*Activity:* Report each line of the records where "weken" occurs.

*Material for the task:*

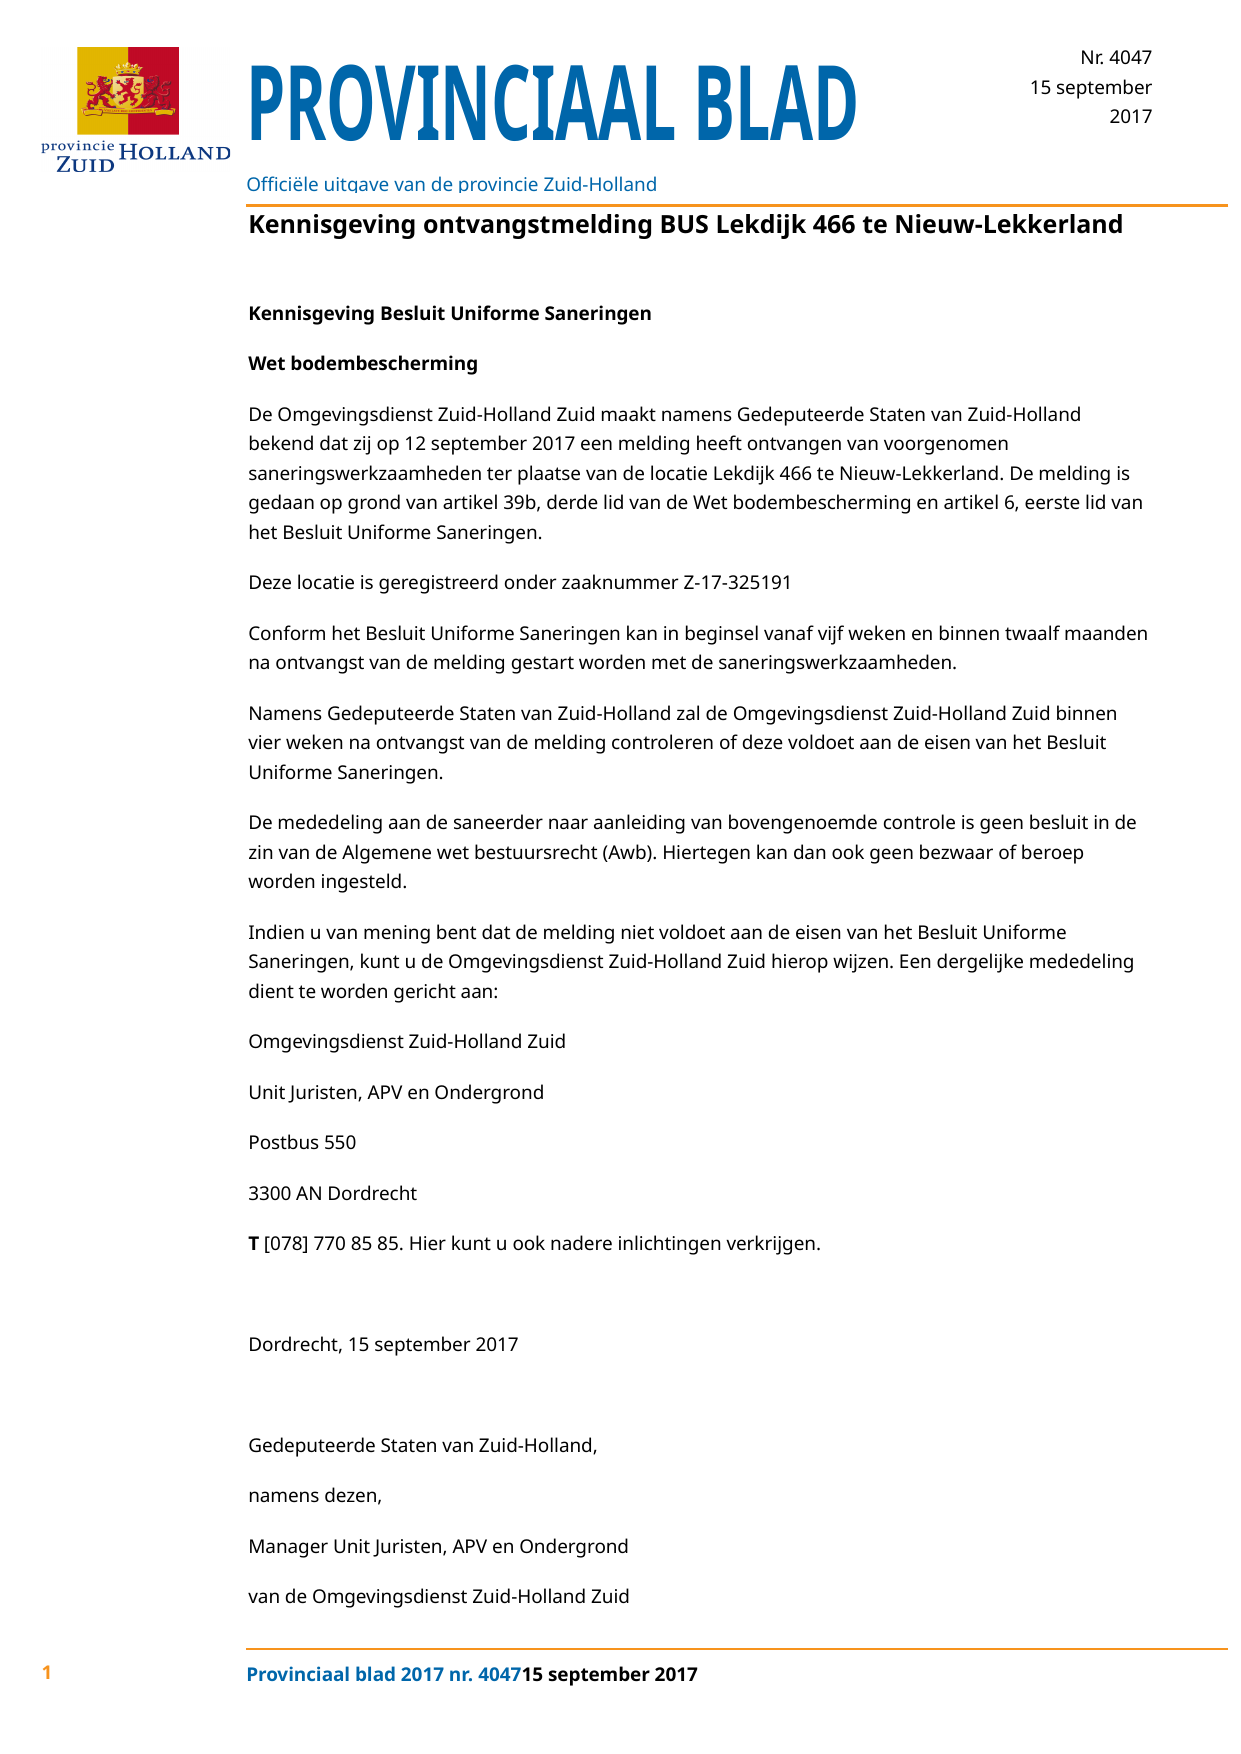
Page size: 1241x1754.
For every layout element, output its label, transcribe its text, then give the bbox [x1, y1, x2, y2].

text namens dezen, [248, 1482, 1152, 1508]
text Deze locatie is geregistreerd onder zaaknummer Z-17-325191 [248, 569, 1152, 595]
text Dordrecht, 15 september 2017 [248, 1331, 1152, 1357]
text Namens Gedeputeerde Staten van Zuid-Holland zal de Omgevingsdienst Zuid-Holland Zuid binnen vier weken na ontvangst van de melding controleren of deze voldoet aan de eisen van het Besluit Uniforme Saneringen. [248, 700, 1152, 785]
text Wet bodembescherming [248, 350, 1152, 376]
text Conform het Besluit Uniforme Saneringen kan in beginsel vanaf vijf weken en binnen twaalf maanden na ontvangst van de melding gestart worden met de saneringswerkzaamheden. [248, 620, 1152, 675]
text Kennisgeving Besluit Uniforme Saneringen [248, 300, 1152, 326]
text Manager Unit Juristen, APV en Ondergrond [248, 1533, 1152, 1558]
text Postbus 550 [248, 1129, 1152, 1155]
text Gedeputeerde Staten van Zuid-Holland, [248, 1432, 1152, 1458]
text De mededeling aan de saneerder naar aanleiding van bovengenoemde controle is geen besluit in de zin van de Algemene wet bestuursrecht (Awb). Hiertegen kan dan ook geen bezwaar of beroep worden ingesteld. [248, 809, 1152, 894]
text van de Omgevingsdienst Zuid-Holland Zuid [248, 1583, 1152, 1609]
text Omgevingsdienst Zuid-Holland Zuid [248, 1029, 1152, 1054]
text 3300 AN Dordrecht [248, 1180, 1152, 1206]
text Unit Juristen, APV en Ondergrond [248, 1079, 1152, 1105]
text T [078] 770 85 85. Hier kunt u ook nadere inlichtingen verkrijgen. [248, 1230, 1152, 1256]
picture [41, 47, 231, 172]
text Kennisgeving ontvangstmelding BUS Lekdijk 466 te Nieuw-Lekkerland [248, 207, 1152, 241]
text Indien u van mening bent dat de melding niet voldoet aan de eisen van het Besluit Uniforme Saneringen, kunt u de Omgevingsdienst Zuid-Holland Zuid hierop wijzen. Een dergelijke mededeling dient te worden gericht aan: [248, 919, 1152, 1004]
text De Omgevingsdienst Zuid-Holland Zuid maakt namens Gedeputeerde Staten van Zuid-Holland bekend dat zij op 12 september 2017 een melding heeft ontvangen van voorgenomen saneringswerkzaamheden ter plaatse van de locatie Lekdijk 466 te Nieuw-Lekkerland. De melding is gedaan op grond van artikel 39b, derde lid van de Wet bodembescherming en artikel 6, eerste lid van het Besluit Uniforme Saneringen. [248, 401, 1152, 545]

*Your solution:*
text Namens Gedeputeerde Staten van Zuid-Holland zal de Omgevingsdienst Zuid-Holland Zuid binnen vier weken na ontvangst van de melding controleren of deze voldoet aan de eisen van het Besluit Uniforme Saneringen. [248, 700, 1152, 785]
text Conform het Besluit Uniforme Saneringen kan in beginsel vanaf vijf weken en binnen twaalf maanden na ontvangst van de melding gestart worden met de saneringswerkzaamheden. [248, 620, 1152, 675]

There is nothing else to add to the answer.